[INFORMATION — start]
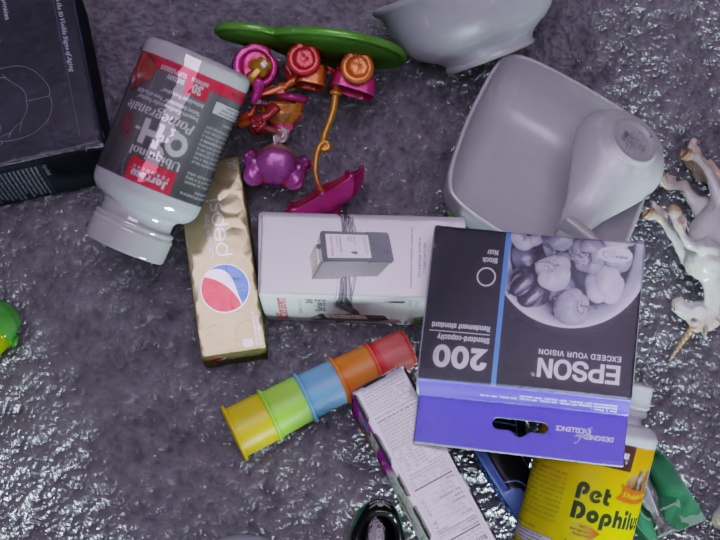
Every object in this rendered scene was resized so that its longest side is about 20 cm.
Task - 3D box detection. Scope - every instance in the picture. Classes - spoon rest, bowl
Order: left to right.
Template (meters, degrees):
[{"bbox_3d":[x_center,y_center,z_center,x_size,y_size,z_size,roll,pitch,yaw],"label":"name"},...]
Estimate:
[{"bbox_3d":[0.118,-0.258,1.578,0.199,0.201,0.091,-22,99,-6],"label":"bowl"},{"bbox_3d":[0.183,-0.093,1.560,0.198,0.075,0.201,28,62,-5],"label":"bowl"},{"bbox_3d":[0.235,-0.085,1.510,0.099,0.061,0.200,38,49,-2],"label":"spoon rest"}]

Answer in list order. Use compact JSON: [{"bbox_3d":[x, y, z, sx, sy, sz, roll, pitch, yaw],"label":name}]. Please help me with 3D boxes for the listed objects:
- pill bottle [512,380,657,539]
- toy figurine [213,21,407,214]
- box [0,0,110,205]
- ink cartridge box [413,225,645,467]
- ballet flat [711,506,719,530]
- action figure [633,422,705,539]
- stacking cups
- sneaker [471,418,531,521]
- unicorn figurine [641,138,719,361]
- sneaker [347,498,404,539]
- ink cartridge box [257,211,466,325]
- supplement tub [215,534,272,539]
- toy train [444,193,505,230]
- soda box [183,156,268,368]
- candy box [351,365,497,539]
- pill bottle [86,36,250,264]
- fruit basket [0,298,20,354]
[{"bbox_3d":[0.212,0.197,1.450,0.108,0.109,0.202,14,91,3],"label":"pill bottle"},{"bbox_3d":[-0.062,-0.142,1.563,0.198,0.150,0.186,9,85,-8],"label":"toy figurine"},{"bbox_3d":[-0.363,-0.179,1.571,0.195,0.124,0.202,-13,77,-2],"label":"box"},{"bbox_3d":[0.151,0.066,1.402,0.196,0.043,0.202,5,79,9],"label":"ink cartridge box"},{"bbox_3d":[0.366,0.272,1.506,0.068,0.068,0.201,23,77,13],"label":"ballet flat"},{"bbox_3d":[0.250,0.172,1.536,0.117,0.055,0.202,-19,74,-2],"label":"action figure"},{"bbox_3d":[-0.038,0.119,1.537,0.199,0.061,0.061,-25,78,-6],"label":"stacking cups"},{"bbox_3d":[0.138,0.151,1.528,0.077,0.070,0.201,-28,78,-2],"label":"sneaker"},{"bbox_3d":[0.340,-0.031,1.561,0.137,0.074,0.201,44,66,-22],"label":"unicorn figurine"},{"bbox_3d":[0.010,0.320,1.479,0.071,0.080,0.202,0,77,-1],"label":"sneaker"},{"bbox_3d":[0.000,0.000,1.522,0.198,0.146,0.085,2,78,0],"label":"ink cartridge box"},{"bbox_3d":[-0.104,0.318,1.417,0.143,0.200,0.146,0,76,-1],"label":"supplement tub"},{"bbox_3d":[0.146,0.014,1.577,0.056,0.042,0.201,-26,78,3],"label":"toy train"},{"bbox_3d":[-0.140,-0.009,1.565,0.067,0.064,0.202,-8,77,-3],"label":"soda box"},{"bbox_3d":[0.062,0.200,1.481,0.061,0.136,0.201,-27,79,-6],"label":"candy box"},{"bbox_3d":[-0.191,-0.113,1.498,0.110,0.111,0.202,22,92,4],"label":"pill bottle"},{"bbox_3d":[-0.445,0.038,1.516,0.213,0.156,0.218,-5,72,16],"label":"fruit basket"}]
[INFORMATION — finish]
EXERCISE OBJECTIVE: What is needed is a verbatim copy of every entry, with the pictures omitted.

RESPONSE TO THE TASK:
Every object in this rendered scene was resized so that its longest side is about 20 cm.
Task - 3D box detection. Scope - every instance in the picture. Classes - spoon rest, bowl
Order: left to right.
Template (meters, degrees):
[{"bbox_3d":[x_center,y_center,z_center,x_size,y_size,z_size,roll,pitch,yaw],"label":"name"},...]
Estimate:
[{"bbox_3d":[0.118,-0.258,1.578,0.199,0.201,0.091,-22,99,-6],"label":"bowl"},{"bbox_3d":[0.183,-0.093,1.560,0.198,0.075,0.201,28,62,-5],"label":"bowl"},{"bbox_3d":[0.235,-0.085,1.510,0.099,0.061,0.200,38,49,-2],"label":"spoon rest"}]

Answer in list order. Use compact JSON: [{"bbox_3d":[x, y, z, sx, sy, sz, roll, pitch, yaw],"label":name}]. Please help me with 3D boxes for the listed objects:
- pill bottle [512,380,657,539]
- toy figurine [213,21,407,214]
- box [0,0,110,205]
- ink cartridge box [413,225,645,467]
- ballet flat [711,506,719,530]
- action figure [633,422,705,539]
- stacking cups
- sneaker [471,418,531,521]
- unicorn figurine [641,138,719,361]
- sneaker [347,498,404,539]
- ink cartridge box [257,211,466,325]
- supplement tub [215,534,272,539]
- toy train [444,193,505,230]
- soda box [183,156,268,368]
- candy box [351,365,497,539]
- pill bottle [86,36,250,264]
- fruit basket [0,298,20,354]
[{"bbox_3d":[0.212,0.197,1.450,0.108,0.109,0.202,14,91,3],"label":"pill bottle"},{"bbox_3d":[-0.062,-0.142,1.563,0.198,0.150,0.186,9,85,-8],"label":"toy figurine"},{"bbox_3d":[-0.363,-0.179,1.571,0.195,0.124,0.202,-13,77,-2],"label":"box"},{"bbox_3d":[0.151,0.066,1.402,0.196,0.043,0.202,5,79,9],"label":"ink cartridge box"},{"bbox_3d":[0.366,0.272,1.506,0.068,0.068,0.201,23,77,13],"label":"ballet flat"},{"bbox_3d":[0.250,0.172,1.536,0.117,0.055,0.202,-19,74,-2],"label":"action figure"},{"bbox_3d":[-0.038,0.119,1.537,0.199,0.061,0.061,-25,78,-6],"label":"stacking cups"},{"bbox_3d":[0.138,0.151,1.528,0.077,0.070,0.201,-28,78,-2],"label":"sneaker"},{"bbox_3d":[0.340,-0.031,1.561,0.137,0.074,0.201,44,66,-22],"label":"unicorn figurine"},{"bbox_3d":[0.010,0.320,1.479,0.071,0.080,0.202,0,77,-1],"label":"sneaker"},{"bbox_3d":[0.000,0.000,1.522,0.198,0.146,0.085,2,78,0],"label":"ink cartridge box"},{"bbox_3d":[-0.104,0.318,1.417,0.143,0.200,0.146,0,76,-1],"label":"supplement tub"},{"bbox_3d":[0.146,0.014,1.577,0.056,0.042,0.201,-26,78,3],"label":"toy train"},{"bbox_3d":[-0.140,-0.009,1.565,0.067,0.064,0.202,-8,77,-3],"label":"soda box"},{"bbox_3d":[0.062,0.200,1.481,0.061,0.136,0.201,-27,79,-6],"label":"candy box"},{"bbox_3d":[-0.191,-0.113,1.498,0.110,0.111,0.202,22,92,4],"label":"pill bottle"},{"bbox_3d":[-0.445,0.038,1.516,0.213,0.156,0.218,-5,72,16],"label":"fruit basket"}]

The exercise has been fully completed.